TRY IT: For each line below, print it again exactly as shown.

Records from a data collection

*** Begin section ***

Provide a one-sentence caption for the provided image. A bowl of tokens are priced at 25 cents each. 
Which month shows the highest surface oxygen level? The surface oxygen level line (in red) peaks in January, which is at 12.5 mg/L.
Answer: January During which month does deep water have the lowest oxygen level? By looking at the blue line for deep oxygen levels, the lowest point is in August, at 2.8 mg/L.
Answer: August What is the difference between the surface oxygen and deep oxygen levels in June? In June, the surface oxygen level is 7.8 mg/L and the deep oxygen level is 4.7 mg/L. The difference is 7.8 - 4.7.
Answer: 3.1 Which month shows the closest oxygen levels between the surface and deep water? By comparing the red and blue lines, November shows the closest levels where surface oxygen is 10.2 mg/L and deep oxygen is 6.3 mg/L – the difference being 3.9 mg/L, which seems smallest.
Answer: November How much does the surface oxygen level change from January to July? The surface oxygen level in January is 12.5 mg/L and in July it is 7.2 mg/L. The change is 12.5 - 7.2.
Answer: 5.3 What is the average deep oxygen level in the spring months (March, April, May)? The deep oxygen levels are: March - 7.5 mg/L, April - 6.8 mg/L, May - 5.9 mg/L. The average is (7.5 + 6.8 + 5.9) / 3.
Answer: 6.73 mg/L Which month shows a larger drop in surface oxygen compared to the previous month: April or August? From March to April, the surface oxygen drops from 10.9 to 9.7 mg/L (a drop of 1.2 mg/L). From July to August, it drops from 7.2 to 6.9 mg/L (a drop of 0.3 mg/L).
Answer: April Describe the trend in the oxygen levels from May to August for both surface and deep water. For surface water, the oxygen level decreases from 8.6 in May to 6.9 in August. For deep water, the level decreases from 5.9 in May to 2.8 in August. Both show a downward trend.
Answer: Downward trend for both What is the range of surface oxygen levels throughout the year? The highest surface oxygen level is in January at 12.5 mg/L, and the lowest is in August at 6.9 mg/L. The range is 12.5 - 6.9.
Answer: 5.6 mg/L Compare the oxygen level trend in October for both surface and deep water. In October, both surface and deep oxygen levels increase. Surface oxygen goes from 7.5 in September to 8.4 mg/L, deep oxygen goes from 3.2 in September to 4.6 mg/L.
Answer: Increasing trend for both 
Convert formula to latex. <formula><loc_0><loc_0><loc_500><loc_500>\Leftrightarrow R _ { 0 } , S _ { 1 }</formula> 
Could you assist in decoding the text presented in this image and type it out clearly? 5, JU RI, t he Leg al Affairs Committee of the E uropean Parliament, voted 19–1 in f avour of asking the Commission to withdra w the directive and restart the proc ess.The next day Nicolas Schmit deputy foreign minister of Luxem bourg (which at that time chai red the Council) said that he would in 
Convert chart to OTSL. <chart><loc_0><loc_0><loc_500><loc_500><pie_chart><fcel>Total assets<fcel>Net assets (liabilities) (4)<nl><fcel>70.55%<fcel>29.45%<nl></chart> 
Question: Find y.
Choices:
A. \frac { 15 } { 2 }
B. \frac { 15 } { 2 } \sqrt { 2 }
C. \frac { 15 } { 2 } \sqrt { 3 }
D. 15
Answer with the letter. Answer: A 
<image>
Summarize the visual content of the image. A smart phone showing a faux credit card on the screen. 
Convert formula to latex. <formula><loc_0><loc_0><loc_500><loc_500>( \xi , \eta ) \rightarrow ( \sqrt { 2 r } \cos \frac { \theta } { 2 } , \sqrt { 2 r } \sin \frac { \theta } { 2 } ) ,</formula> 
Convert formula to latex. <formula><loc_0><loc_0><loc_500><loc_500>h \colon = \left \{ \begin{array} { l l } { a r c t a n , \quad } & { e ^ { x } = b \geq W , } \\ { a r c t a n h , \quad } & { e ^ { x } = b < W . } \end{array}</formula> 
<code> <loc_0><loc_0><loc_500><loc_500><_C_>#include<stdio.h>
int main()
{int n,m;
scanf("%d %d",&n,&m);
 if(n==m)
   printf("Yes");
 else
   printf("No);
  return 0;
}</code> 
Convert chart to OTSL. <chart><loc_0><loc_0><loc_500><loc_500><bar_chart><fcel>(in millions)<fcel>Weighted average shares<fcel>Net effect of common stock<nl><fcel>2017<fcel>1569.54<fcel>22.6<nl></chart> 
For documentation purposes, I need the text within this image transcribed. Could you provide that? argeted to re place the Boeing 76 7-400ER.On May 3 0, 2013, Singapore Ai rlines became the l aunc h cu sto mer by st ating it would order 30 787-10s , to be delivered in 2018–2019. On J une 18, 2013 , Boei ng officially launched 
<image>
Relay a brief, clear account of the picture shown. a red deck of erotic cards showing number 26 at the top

*** End section ***

ANSWER TO THIS PROBLEM:
Provide a one-sentence caption for the provided image. A bowl of tokens are priced at 25 cents each. 
Which month shows the highest surface oxygen level? The surface oxygen level line (in red) peaks in January, which is at 12.5 mg/L.
Answer: January During which month does deep water have the lowest oxygen level? By looking at the blue line for deep oxygen levels, the lowest point is in August, at 2.8 mg/L.
Answer: August What is the difference between the surface oxygen and deep oxygen levels in June? In June, the surface oxygen level is 7.8 mg/L and the deep oxygen level is 4.7 mg/L. The difference is 7.8 - 4.7.
Answer: 3.1 Which month shows the closest oxygen levels between the surface and deep water? By comparing the red and blue lines, November shows the closest levels where surface oxygen is 10.2 mg/L and deep oxygen is 6.3 mg/L – the difference being 3.9 mg/L, which seems smallest.
Answer: November How much does the surface oxygen level change from January to July? The surface oxygen level in January is 12.5 mg/L and in July it is 7.2 mg/L. The change is 12.5 - 7.2.
Answer: 5.3 What is the average deep oxygen level in the spring months (March, April, May)? The deep oxygen levels are: March - 7.5 mg/L, April - 6.8 mg/L, May - 5.9 mg/L. The average is (7.5 + 6.8 + 5.9) / 3.
Answer: 6.73 mg/L Which month shows a larger drop in surface oxygen compared to the previous month: April or August? From March to April, the surface oxygen drops from 10.9 to 9.7 mg/L (a drop of 1.2 mg/L). From July to August, it drops from 7.2 to 6.9 mg/L (a drop of 0.3 mg/L).
Answer: April Describe the trend in the oxygen levels from May to August for both surface and deep water. For surface water, the oxygen level decreases from 8.6 in May to 6.9 in August. For deep water, the level decreases from 5.9 in May to 2.8 in August. Both show a downward trend.
Answer: Downward trend for both What is the range of surface oxygen levels throughout the year? The highest surface oxygen level is in January at 12.5 mg/L, and the lowest is in August at 6.9 mg/L. The range is 12.5 - 6.9.
Answer: 5.6 mg/L Compare the oxygen level trend in October for both surface and deep water. In October, both surface and deep oxygen levels increase. Surface oxygen goes from 7.5 in September to 8.4 mg/L, deep oxygen goes from 3.2 in September to 4.6 mg/L.
Answer: Increasing trend for both 
Convert formula to latex. <formula><loc_0><loc_0><loc_500><loc_500>\Leftrightarrow R _ { 0 } , S _ { 1 }</formula> 
Could you assist in decoding the text presented in this image and type it out clearly? 5, JU RI, t he Leg al Affairs Committee of the E uropean Parliament, voted 19–1 in f avour of asking the Commission to withdra w the directive and restart the proc ess.The next day Nicolas Schmit deputy foreign minister of Luxem bourg (which at that time chai red the Council) said that he would in 
Convert chart to OTSL. <chart><loc_0><loc_0><loc_500><loc_500><pie_chart><fcel>Total assets<fcel>Net assets (liabilities) (4)<nl><fcel>70.55%<fcel>29.45%<nl></chart> 
Question: Find y.
Choices:
A. \frac { 15 } { 2 }
B. \frac { 15 } { 2 } \sqrt { 2 }
C. \frac { 15 } { 2 } \sqrt { 3 }
D. 15
Answer with the letter. Answer: A 
<image>
Summarize the visual content of the image. A smart phone showing a faux credit card on the screen. 
Convert formula to latex. <formula><loc_0><loc_0><loc_500><loc_500>( \xi , \eta ) \rightarrow ( \sqrt { 2 r } \cos \frac { \theta } { 2 } , \sqrt { 2 r } \sin \frac { \theta } { 2 } ) ,</formula> 
Convert formula to latex. <formula><loc_0><loc_0><loc_500><loc_500>h \colon = \left \{ \begin{array} { l l } { a r c t a n , \quad } & { e ^ { x } = b \geq W , } \\ { a r c t a n h , \quad } & { e ^ { x } = b < W . } \end{array}</formula> 
<code> <loc_0><loc_0><loc_500><loc_500><_C_>#include<stdio.h>
int main()
{int n,m;
scanf("%d %d",&n,&m);
 if(n==m)
   printf("Yes");
 else
   printf("No);
  return 0;
}</code> 
Convert chart to OTSL. <chart><loc_0><loc_0><loc_500><loc_500><bar_chart><fcel>(in millions)<fcel>Weighted average shares<fcel>Net effect of common stock<nl><fcel>2017<fcel>1569.54<fcel>22.6<nl></chart> 
For documentation purposes, I need the text within this image transcribed. Could you provide that? argeted to re place the Boeing 76 7-400ER.On May 3 0, 2013, Singapore Ai rlines became the l aunc h cu sto mer by st ating it would order 30 787-10s , to be delivered in 2018–2019. On J une 18, 2013 , Boei ng officially launched 
<image>
Relay a brief, clear account of the picture shown. a red deck of erotic cards showing number 26 at the top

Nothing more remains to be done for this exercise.